Every line below must be reproduced exactly; no pictures are to be included.

--------------------

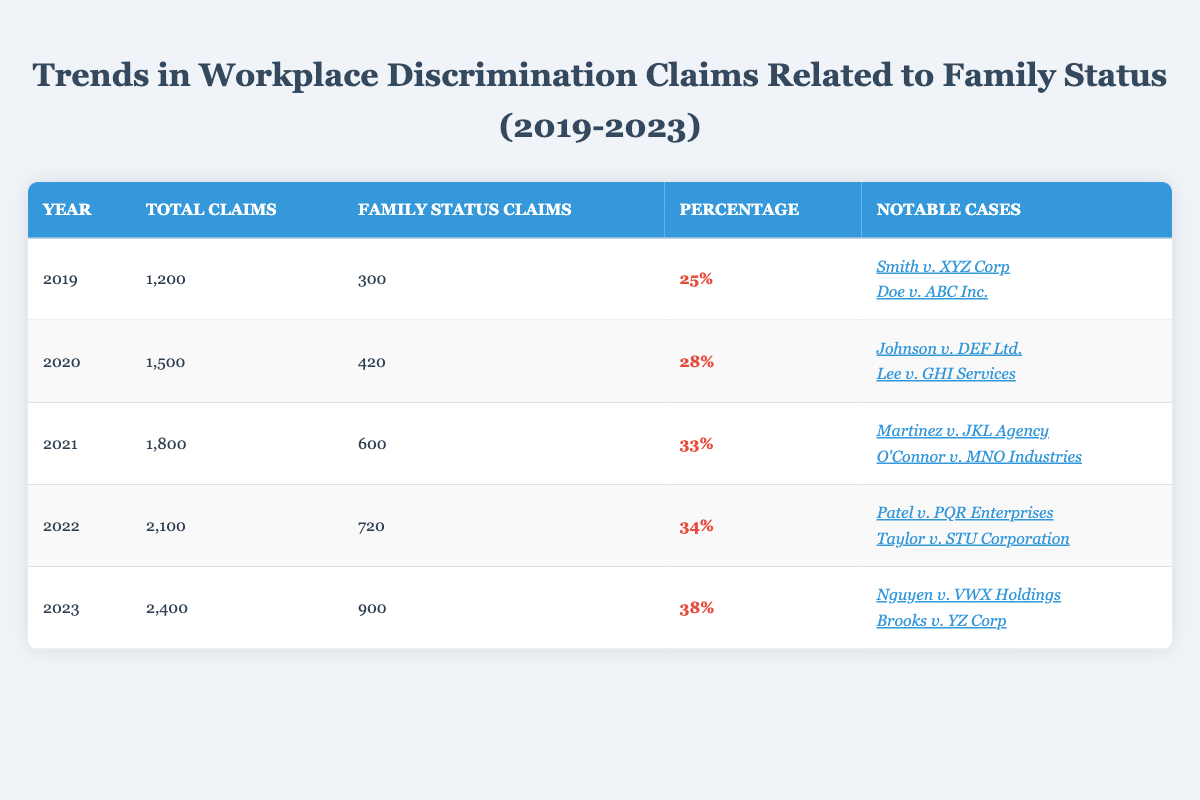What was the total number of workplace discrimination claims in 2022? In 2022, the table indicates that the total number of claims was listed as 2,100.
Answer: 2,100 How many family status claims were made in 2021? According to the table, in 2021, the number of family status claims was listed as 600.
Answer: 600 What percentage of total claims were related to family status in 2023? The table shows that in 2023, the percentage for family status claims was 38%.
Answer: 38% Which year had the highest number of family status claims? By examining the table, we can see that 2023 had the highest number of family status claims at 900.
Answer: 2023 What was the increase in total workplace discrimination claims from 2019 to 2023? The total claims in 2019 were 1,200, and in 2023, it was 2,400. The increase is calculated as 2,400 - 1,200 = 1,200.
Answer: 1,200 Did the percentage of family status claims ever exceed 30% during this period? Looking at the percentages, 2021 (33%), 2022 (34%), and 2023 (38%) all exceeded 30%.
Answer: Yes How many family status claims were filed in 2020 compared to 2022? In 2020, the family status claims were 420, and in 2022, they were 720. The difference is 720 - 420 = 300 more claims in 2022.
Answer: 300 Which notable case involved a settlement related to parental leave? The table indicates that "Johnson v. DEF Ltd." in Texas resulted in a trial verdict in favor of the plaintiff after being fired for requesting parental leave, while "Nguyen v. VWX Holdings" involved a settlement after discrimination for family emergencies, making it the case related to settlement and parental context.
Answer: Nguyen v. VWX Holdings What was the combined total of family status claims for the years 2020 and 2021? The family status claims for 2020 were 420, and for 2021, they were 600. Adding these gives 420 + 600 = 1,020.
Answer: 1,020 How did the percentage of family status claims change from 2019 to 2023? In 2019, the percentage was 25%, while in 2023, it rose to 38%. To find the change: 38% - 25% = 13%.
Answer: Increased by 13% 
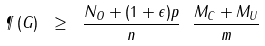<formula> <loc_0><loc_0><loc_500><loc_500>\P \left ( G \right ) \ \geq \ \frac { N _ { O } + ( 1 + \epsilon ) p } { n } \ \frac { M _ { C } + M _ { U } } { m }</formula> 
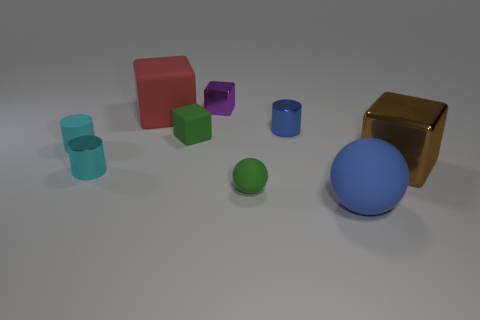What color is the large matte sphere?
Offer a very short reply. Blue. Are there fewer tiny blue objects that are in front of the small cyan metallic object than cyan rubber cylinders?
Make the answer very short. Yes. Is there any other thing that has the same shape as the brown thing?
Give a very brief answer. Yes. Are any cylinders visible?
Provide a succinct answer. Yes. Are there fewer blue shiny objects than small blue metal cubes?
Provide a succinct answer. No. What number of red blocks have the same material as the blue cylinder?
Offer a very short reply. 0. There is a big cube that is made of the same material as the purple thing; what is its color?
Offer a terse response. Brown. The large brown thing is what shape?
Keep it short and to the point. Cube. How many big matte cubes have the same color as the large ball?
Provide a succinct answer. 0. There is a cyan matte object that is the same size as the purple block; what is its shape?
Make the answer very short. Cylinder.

--------------------

> [Written answer]
What was the total number of workplace discrimination claims in 2022? In 2022, the table indicates that the total number of claims was listed as 2,100.
Answer: 2,100 How many family status claims were made in 2021? According to the table, in 2021, the number of family status claims was listed as 600.
Answer: 600 What percentage of total claims were related to family status in 2023? The table shows that in 2023, the percentage for family status claims was 38%.
Answer: 38% Which year had the highest number of family status claims? By examining the table, we can see that 2023 had the highest number of family status claims at 900.
Answer: 2023 What was the increase in total workplace discrimination claims from 2019 to 2023? The total claims in 2019 were 1,200, and in 2023, it was 2,400. The increase is calculated as 2,400 - 1,200 = 1,200.
Answer: 1,200 Did the percentage of family status claims ever exceed 30% during this period? Looking at the percentages, 2021 (33%), 2022 (34%), and 2023 (38%) all exceeded 30%.
Answer: Yes How many family status claims were filed in 2020 compared to 2022? In 2020, the family status claims were 420, and in 2022, they were 720. The difference is 720 - 420 = 300 more claims in 2022.
Answer: 300 Which notable case involved a settlement related to parental leave? The table indicates that "Johnson v. DEF Ltd." in Texas resulted in a trial verdict in favor of the plaintiff after being fired for requesting parental leave, while "Nguyen v. VWX Holdings" involved a settlement after discrimination for family emergencies, making it the case related to settlement and parental context.
Answer: Nguyen v. VWX Holdings What was the combined total of family status claims for the years 2020 and 2021? The family status claims for 2020 were 420, and for 2021, they were 600. Adding these gives 420 + 600 = 1,020.
Answer: 1,020 How did the percentage of family status claims change from 2019 to 2023? In 2019, the percentage was 25%, while in 2023, it rose to 38%. To find the change: 38% - 25% = 13%.
Answer: Increased by 13% 
<formula> <loc_0><loc_0><loc_500><loc_500>\P \left ( G \right ) \ \geq \ \frac { N _ { O } + ( 1 + \epsilon ) p } { n } \ \frac { M _ { C } + M _ { U } } { m }</formula> 
What color is the large matte sphere?
Offer a very short reply. Blue. Are there fewer tiny blue objects that are in front of the small cyan metallic object than cyan rubber cylinders?
Make the answer very short. Yes. Is there any other thing that has the same shape as the brown thing?
Give a very brief answer. Yes. Are any cylinders visible?
Provide a succinct answer. Yes. Are there fewer blue shiny objects than small blue metal cubes?
Provide a succinct answer. No. What number of red blocks have the same material as the blue cylinder?
Offer a very short reply. 0. There is a big cube that is made of the same material as the purple thing; what is its color?
Offer a terse response. Brown. The large brown thing is what shape?
Keep it short and to the point. Cube. How many big matte cubes have the same color as the large ball?
Provide a succinct answer. 0. There is a cyan matte object that is the same size as the purple block; what is its shape?
Make the answer very short. Cylinder.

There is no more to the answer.